Build vs Buy Is the Wrong Question

Movement 01

The Question Every Leader Is Asking

The conversation happens in every architecture review...every vendor pitch...every strategic planning session. Someone puts a workflow on the screen... claims processing, sponsor onboarding, customer service escalation... and the question lands:

"Do we build this or buy something off the shelf?"

And the answers are predictable. The vendor says buy. The engineers say build. The architects say "it depends." And the leader makes a decision based on incomplete information because nobody in the room has named the thing that actually changed.

Here's the thing. The question itself is outdated. "Build vs buy" assumes a world where workflow engines are hard to build, where the orchestration logic is the expensive part, where the differentiating value lives in the plumbing. That world ended about eighteen months ago. Most people just haven't updated their mental model yet.

Since I joined Sun Life, this question has come at me from every direction. We have Pega powering a chunk of our Operations workflows... claims routing, case management, the kind of process orchestration that's been running for years. We have a legacy platform handling document generation, and the license is aging, so someone asks: do we replace it with another vendor product or build something ourselves?

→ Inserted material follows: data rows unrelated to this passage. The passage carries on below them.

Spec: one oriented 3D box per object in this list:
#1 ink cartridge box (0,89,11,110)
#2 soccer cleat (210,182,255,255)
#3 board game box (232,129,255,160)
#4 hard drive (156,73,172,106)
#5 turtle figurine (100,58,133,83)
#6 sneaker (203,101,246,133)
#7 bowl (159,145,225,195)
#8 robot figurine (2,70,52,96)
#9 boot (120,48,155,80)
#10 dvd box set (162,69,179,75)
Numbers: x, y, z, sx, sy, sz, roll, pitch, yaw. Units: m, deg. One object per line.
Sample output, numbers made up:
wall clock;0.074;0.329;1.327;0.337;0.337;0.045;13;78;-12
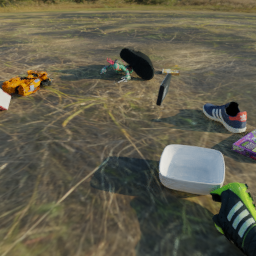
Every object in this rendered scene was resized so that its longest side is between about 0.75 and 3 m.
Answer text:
ink cartridge box;-5.492;-1.184;10.634;1.540;0.638;1.130;6;-13;12
soccer cleat;2.183;1.987;5.364;0.902;0.751;2.225;-22;30;15
board game box;4.064;0.477;8.540;1.686;0.272;1.012;-23;40;-36
hard drive;0.873;-0.937;6.757;0.125;0.531;0.761;17;37;13
turtle figurine;-0.478;-2.954;14.105;1.490;1.002;1.990;25;19;9
sneaker;3.437;-0.631;9.918;0.766;0.863;2.043;-12;30;-21
bowl;1.580;1.073;7.054;1.559;0.583;1.561;7;30;13
robot figurine;-4.552;-2.111;12.869;1.666;0.669;2.297;9;30;14
boot;0.793;-3.406;14.967;2.392;0.885;1.960;43;22;18
dvd box set;2.313;-3.019;15.120;0.907;0.133;0.664;5;28;9
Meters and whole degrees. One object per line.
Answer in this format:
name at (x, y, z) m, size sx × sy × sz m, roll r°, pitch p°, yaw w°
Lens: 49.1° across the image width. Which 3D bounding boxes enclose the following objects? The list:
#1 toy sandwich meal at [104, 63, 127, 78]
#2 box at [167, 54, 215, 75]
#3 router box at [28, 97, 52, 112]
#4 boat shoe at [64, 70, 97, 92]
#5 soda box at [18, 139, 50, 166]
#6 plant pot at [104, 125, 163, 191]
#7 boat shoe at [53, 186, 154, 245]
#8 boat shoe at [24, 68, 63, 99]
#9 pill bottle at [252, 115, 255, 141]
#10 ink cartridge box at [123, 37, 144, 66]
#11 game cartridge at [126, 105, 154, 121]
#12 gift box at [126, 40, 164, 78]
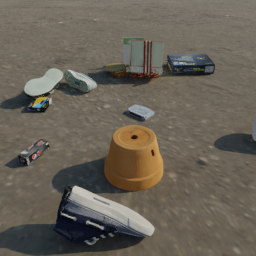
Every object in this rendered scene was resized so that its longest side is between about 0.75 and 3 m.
toy sandwich meal at (-0.572, -2.846, 13.715) m, size 1.203 × 0.412 × 1.203 m, roll -5°, pitch 30°, yaw 3°
box at (3.111, -3.235, 14.142) m, size 2.112 × 0.539 × 1.665 m, roll -1°, pitch 32°, yaw -1°
router box at (-3.389, -0.913, 10.807) m, size 0.646 × 0.221 × 0.866 m, roll 2°, pitch 33°, yaw 3°
boat shoe at (-2.093, -2.079, 12.357) m, size 1.855 × 0.647 × 0.661 m, roll 32°, pitch 33°, yaw 35°
soda box at (-2.744, 0.700, 8.216) m, size 0.331 × 0.296 × 0.934 m, roll 16°, pitch 35°, yaw 23°
plant pot at (0.154, 0.689, 7.457) m, size 1.627 × 1.139 × 1.627 m, roll 0°, pitch 34°, yaw 0°
boat shoe at (-0.544, 2.036, 5.857) m, size 2.057 × 0.954 × 0.768 m, roll 26°, pitch 0°, yaw -2°
boat shoe at (-3.470, -1.704, 11.642) m, size 0.887 × 0.708 × 2.346 m, roll 33°, pitch 37°, yaw 5°
pill bottle at (4.835, 0.035, 8.638) m, size 1.688 × 0.964 × 0.964 m, roll 7°, pitch 33°, yaw 11°
ink cartridge box at (0.266, -3.953, 14.385) m, size 1.085 × 1.491 × 0.357 m, roll -2°, pitch 33°, yaw -4°
game cartridge at (0.476, -0.588, 10.359) m, size 0.934 × 0.189 × 0.623 m, roll 26°, pitch 44°, yaw 35°
gift box at (0.760, -3.180, 12.974) m, size 1.637 × 1.657 × 1.775 m, roll 3°, pitch 17°, yaw 2°

We have teams exploring lightweight open-source orchestration tools for lighter-weight automation. And now, layered on top of all of it, the agentic AI conversation... what happens when Pega and Salesforce start embedding their own AI into these platforms? Do we use theirs? Do we build our own? How does any of this fit together?

Every one of these conversations defaults to the same framing. Buy for commodity. Build for competitive advantage. That's the traditional playbook. And it's not wrong... it's just incomplete. It doesn't account for what changed in the last eighteen months. The people in the room are trying to make a sound decision with a framework that predates the thing that rewired the economics.

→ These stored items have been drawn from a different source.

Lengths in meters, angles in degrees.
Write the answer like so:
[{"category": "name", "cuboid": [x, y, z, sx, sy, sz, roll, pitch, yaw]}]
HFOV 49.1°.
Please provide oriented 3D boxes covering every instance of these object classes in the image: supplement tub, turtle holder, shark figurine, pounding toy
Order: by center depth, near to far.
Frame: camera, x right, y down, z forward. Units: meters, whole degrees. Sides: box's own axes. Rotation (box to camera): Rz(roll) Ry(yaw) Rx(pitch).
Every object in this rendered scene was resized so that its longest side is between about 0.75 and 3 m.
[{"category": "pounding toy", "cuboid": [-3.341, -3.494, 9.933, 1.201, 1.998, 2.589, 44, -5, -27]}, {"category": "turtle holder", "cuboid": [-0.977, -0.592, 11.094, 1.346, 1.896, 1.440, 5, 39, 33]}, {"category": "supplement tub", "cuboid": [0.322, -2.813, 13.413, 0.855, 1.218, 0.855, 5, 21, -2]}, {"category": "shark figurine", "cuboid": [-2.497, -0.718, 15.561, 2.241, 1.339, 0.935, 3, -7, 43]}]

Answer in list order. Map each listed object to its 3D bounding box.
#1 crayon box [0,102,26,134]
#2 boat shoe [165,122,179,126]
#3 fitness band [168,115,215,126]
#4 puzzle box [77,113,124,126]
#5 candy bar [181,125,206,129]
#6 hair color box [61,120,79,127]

I think there's a massive opportunity to elevate this conversation. Not to answer "build or buy" better, but to ask a fundamentally different question. That's what this piece is about.

Movement 02

What AI Actually Dissolved

To understand why the question is wrong, you need to understand what a traditional workflow engine actually solved. Not what the marketing says. What it actually did that was hard.

→

Deterministic Step Sequencing

If step A succeeds, do step B. If it fails, do step C. Branch on conditions...loop on errors...the logic tree that routes work through a process.

Dissolved

→

Intelligence at Each Node

Read this document...extract these fields...classify this request...decide if it's compliant...route to the right team. This was the expensive part. Months of rules engineering, custom NLP, OCR pipelines.

Dissolved

→

Integration Glue

Connect Guidewire to Salesforce to ServiceNow. Transform data between systems. Handle authentication, pagination, error mapping.

Dissolving

→

Human Approval Gates

Pause the workflow...notify a human...wait for approval...resume or reject...audit the decision.

Dissolved

→

Visual Design Canvas

Drag and drop...connect boxes...non-technical users can "see" the workflow. This was the selling point of every n8n, Zapier, and ServiceNow flow designer.

Dissolved

LLMs dissolved all five of these. And not in the way vendors dissolve things on a roadmap slide... actually dissolved them, to the point where rebuilding them the old way feels like commissioning a horse-drawn carriage.

Start with the intelligence at each node. That was always the hard part... "read this PDF, extract the sponsor details, validate against the policy rules, flag exceptions." That used to be a six-month integration project. Custom NLP pipelines, OCR tuning, rules engines that took a team of three just to maintain. Now it's a prompt. The thing that made workflow engines expensive is now a commodity API call.

Step sequencing went with it. An LLM reasons about what to do next based on context...it doesn't need a hard-coded decision tree. It handles branching, edge cases, and novel situations that no flowchart anticipated. The intelligence IS the orchestration. And once you see that, the visual canvas... the drag-and-drop flow designer that was the selling point of every n8n, Zapier, and ServiceNow... stops making sense. "Show me what happens when a sponsor setup request comes in" is now a prompt. And unlike a visual designer, the LLM can explain, modify, and reason about the workflow in natural language.

Integration glue is dissolving fast too, though I'll be honest... it's the one that's furthest from done. MCP and tool-use patterns are collapsing it, but complex enterprise systems with legacy APIs aren't there yet. An agent with the right connectors can talk to Salesforce and Guidewire through structured tool calls. But "the right connectors" still requires real engineering for systems that were never designed to be talked to this way. The trajectory is clear. The last mile is messy.

Approval gates are already solved. Tool-use with human-in-the-loop patterns. The agent calls a "request_approval" tool...the human sees the request in context...approves or rejects...the agent continues. No workflow engine required.

"The hard part of workflows was never the plumbing...it was the intelligence at each step. LLMs dissolved the intelligence problem. The plumbing was always commodity."

Movement 03

What Didn't Dissolve

Now here's where the nuance matters...and where the "just have the LLM do everything" crowd gets dangerous. Especially in regulated financial services.

LLMs handle the intelligence. They do NOT natively handle the operational guarantees that regulated industries require. And if you hand-wave past these, you're building a demo, not a system.

Durability

What if the server restarts mid-workflow?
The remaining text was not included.